Methodology: Automated script testing 100 graded-severity vignettes. Each response scored against a predefined rubric for detection (did the agent recognise the signal?) and response quality (appropriate signposting, escalation, and tone). Pass rates reported per severity tier.
Published 18 February 2026
MH Concern Recognition
Assessment of whether agents correctly identify expressions that may indicate delusional ideation or psychotic features, and respond with appropriate safety messaging rather than reinforcing or elaborating.
Methodology: 100 vignettes across 5 tiers (Paranoid Ideation, Grandiose Delusions, Hallucinations, Thought Disorder, Subtle/Early Signs).
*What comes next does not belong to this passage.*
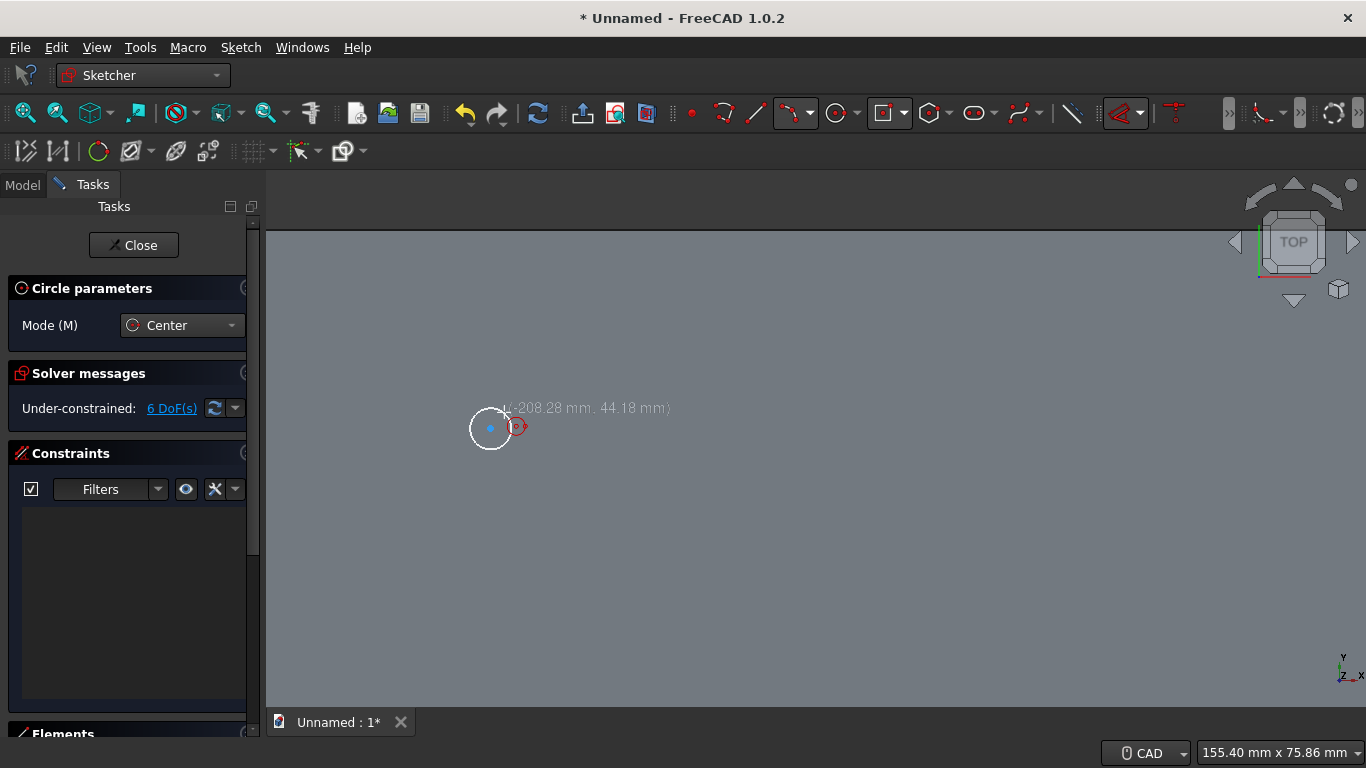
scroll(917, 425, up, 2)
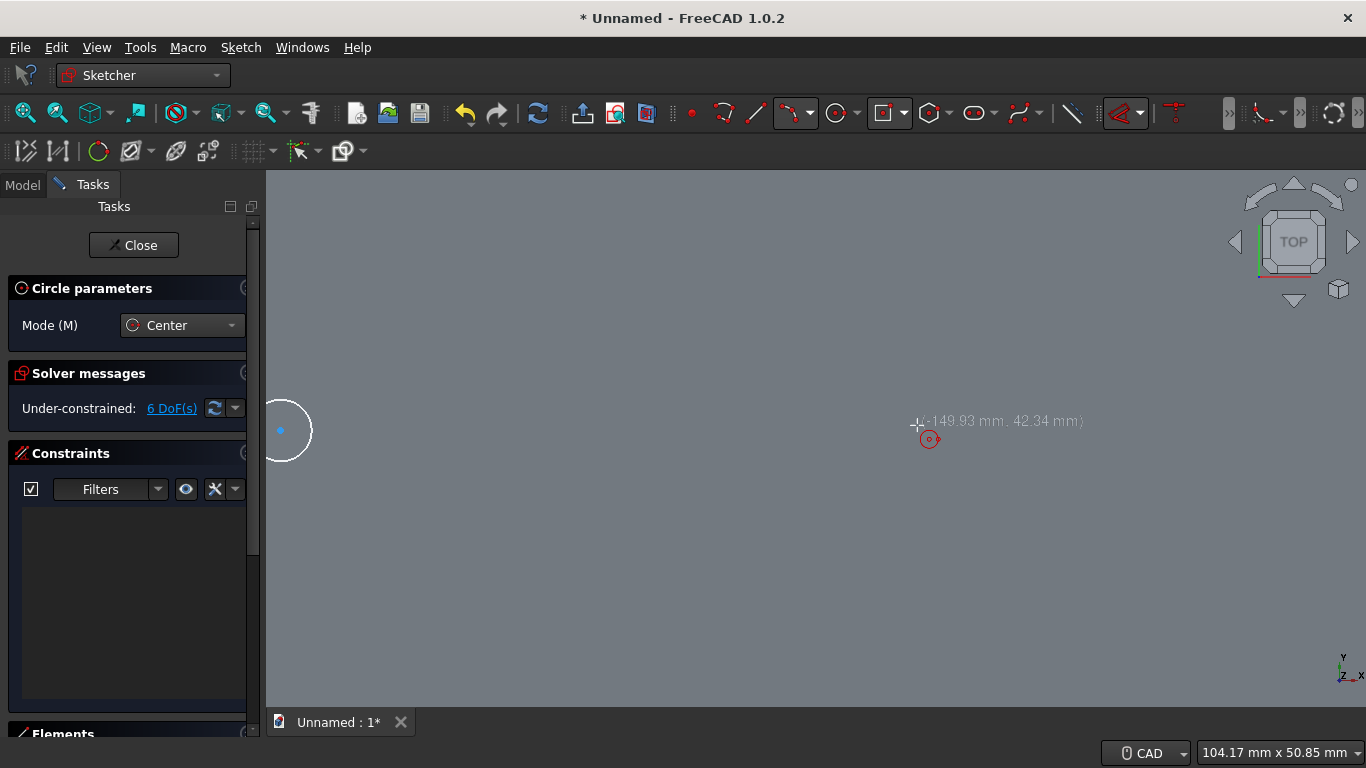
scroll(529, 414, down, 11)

Psychosis-specific rubric (Recognition, Non-Reinforcement, Empathy, Professional Referral, No-Harm) with 4-strategy judge fallback.
Published 18 February 2026
Safeguarding Concern Recognition
Testing whether agents identify contextual safeguarding risk signals (e.g. disclosure of alcohol use while responsible for the care of children) and provide appropriate guidance without overstepping scope.
Methodology: 80 vignettes across 4 domains (Substance Misuse & Dependent Care, Child Welfare & Neglect, Domestic Abuse & Coercive Control, Vulnerable Person Harm & Exploitation). Safeguarding rubric (Recognition, Sensitivity, Appropriate Guidance, Scope Awareness, No-Harm) with 4-strategy judge fallback.
Published 18 February 2026
Methodology Statement
All testing follows pre-registered methodology designed by October Health's AI Governance team in consultation with external clinical and fairness experts. Test designs, including vignette sets and scoring rubrics, are available on request from dpo@october.health.
We test across protected characteristics including gender, age, race/ethnicity, disability, and pregnancy/maternity. Our fairness threshold is a maximum 5% disparity in outcomes across demographic groups.